Install the package via pip:
pip install aopc
- Support for Hugging Face models and datasets: Utilize pre-trained models and standard datasets seamlessly.
- AOPC Evaluation: Calculate AOPC metrics for attributions.
- Beam Size Suggestion: Automatically estimate optimal beam sizes for normalized AOPC using our approximation method.
Start by configuring Aopc
with a Hugging Face model, such as prajjwal1/bert-tiny
:
from aopc import Aopc
aopc = Aopc(model_id="prajjwal1/bert-tiny")
Load your dataset with Hugging Face's datasets
library and evaluate it with Aopc
:
Note: If the dataset has not been tokenized
Aopc
will take care of it.
import datasets
# Load dataset
dset = datasets.load_dataset("stanfordnlp/imdb")
# Load a tokenizer and generate some random attributions
tokenizer = AutoTokenizer.from_pretrained("prajjwal1/bert-tiny")
dset = dset.map(
lambda x: {"input_ids": aopc.tokenizer(x["text"], truncation=True)["input_ids"]}
)
dset = dset.map(
lambda x: {"attributions": torch.rand(len(x["input_ids"]))}
)
# Evaluate dataset without normalization
new_dset = aopc.evaluate(dset)
Note: Aopc.evaluate()
allow either a dict()
, datasets.Dataset
or datasets.DatasetDict
as input.
Estimate
new_dset = aopc.evaluate(dset, normalization="exact")

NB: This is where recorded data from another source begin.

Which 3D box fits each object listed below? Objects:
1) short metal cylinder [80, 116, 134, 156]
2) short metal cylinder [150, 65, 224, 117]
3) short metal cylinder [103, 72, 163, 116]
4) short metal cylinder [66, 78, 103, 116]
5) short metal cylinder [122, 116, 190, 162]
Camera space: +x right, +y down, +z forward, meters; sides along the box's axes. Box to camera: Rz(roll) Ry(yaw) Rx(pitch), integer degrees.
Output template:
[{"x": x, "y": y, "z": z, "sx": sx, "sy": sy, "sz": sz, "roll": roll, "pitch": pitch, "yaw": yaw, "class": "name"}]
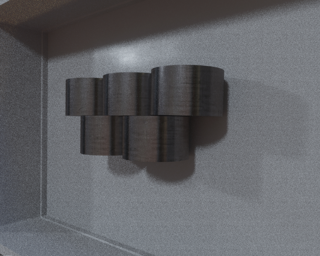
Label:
[{"x": -0.068, "y": 0.009, "z": 0.425, "sx": 0.080, "sy": 0.081, "sz": 0.050, "roll": 1, "pitch": 91, "yaw": 40, "class": "short metal cylinder"}, {"x": 0.030, "y": -0.038, "z": 0.344, "sx": 0.080, "sy": 0.081, "sz": 0.050, "roll": 3, "pitch": 92, "yaw": 40, "class": "short metal cylinder"}, {"x": -0.032, "y": -0.040, "z": 0.395, "sx": 0.080, "sy": 0.081, "sz": 0.050, "roll": 1, "pitch": 91, "yaw": 40, "class": "short metal cylinder"}, {"x": -0.094, "y": -0.042, "z": 0.447, "sx": 0.080, "sy": 0.081, "sz": 0.050, "roll": 1, "pitch": 91, "yaw": 40, "class": "short metal cylinder"}, {"x": -0.005, "y": 0.011, "z": 0.373, "sx": 0.080, "sy": 0.081, "sz": 0.050, "roll": 1, "pitch": 91, "yaw": 40, "class": "short metal cylinder"}]
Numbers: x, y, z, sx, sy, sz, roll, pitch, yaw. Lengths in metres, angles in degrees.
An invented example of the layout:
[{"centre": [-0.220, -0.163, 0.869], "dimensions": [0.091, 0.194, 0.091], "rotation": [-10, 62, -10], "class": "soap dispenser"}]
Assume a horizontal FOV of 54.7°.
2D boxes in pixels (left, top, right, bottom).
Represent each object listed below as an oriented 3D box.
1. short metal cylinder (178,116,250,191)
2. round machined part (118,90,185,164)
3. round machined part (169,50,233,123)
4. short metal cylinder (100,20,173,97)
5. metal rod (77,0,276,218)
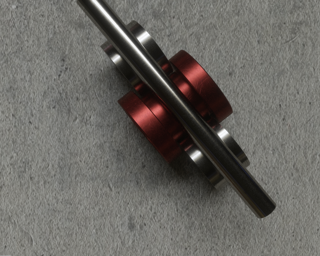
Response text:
[{"centre": [0.065, 0.030, 0.384], "dimensions": [0.050, 0.080, 0.080], "rotation": [-39, 91, 0], "class": "short metal cylinder"}, {"centre": [-0.004, -0.007, 0.373], "dimensions": [0.042, 0.098, 0.098], "rotation": [-39, 91, -4], "class": "round machined part"}, {"centre": [0.040, -0.043, 0.375], "dimensions": [0.042, 0.098, 0.098], "rotation": [-39, 90, 5], "class": "round machined part"}, {"centre": [-0.028, -0.084, 0.383], "dimensions": [0.050, 0.080, 0.080], "rotation": [-39, 91, 0], "class": "short metal cylinder"}, {"centre": [0.018, -0.026, 0.332], "dimensions": [0.025, 0.025, 0.300], "rotation": [-40, 91, 0], "class": "metal rod"}]
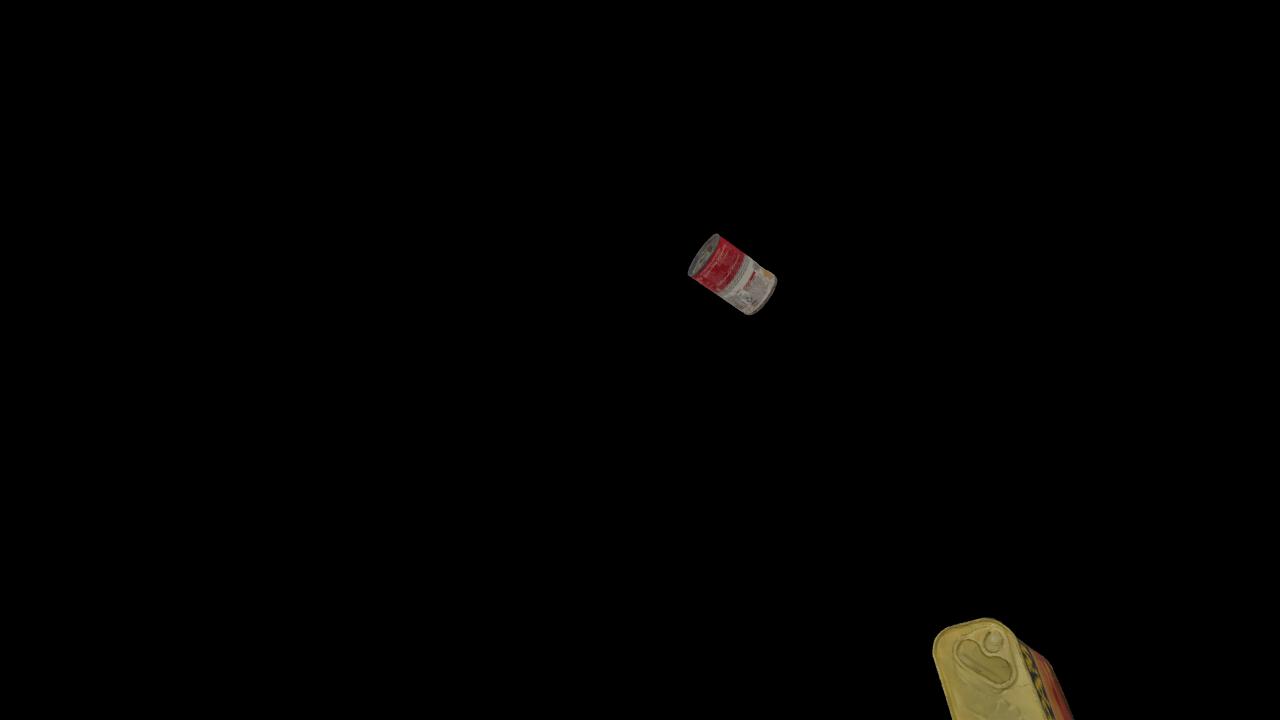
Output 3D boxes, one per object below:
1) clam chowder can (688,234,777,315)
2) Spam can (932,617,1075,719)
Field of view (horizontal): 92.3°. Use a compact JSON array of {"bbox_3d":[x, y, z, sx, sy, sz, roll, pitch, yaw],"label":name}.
[{"bbox_3d":[0.125,-0.114,0.828,0.102,0.068,0.068,32,-8,-13],"label":"clam chowder can"},{"bbox_3d":[0.257,0.243,0.422,0.058,0.101,0.085,-32,-52,31],"label":"Spam can"}]
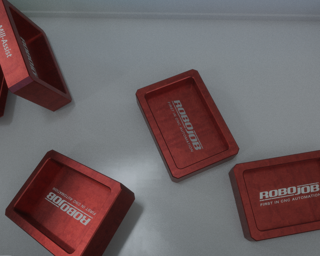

Calculate the suggested beam size for normalized AOPC approximation:
# Estimate Beam Size
beam_size = aopc.get_suggested_beam_size(dset)
# Approximate normalization
new_dset = aopc.evaluate_dset(dset, normalization="approx", beam_size=beam_size)
For some use-cases we might be interested in measuring faithfulness on attributions that are on a word level (or some other combination of tokens) while the tokenization is on the subword level. For this we support having a word map per row. A word map is a mapping from word index to list of token indices. An example:
tokenizer = AutoTokenizer.from_pretrained("textattack/roberta-base-ag-news")
text = "Truly horrendous"
input_ids = tokenizer(text)["input_ids"]
> [0, 565, 26582, 29577, 2]
# A word map would map "Truly" to the tokens 565 (T) and 26582 (ruly), and "horrendous" to 29577.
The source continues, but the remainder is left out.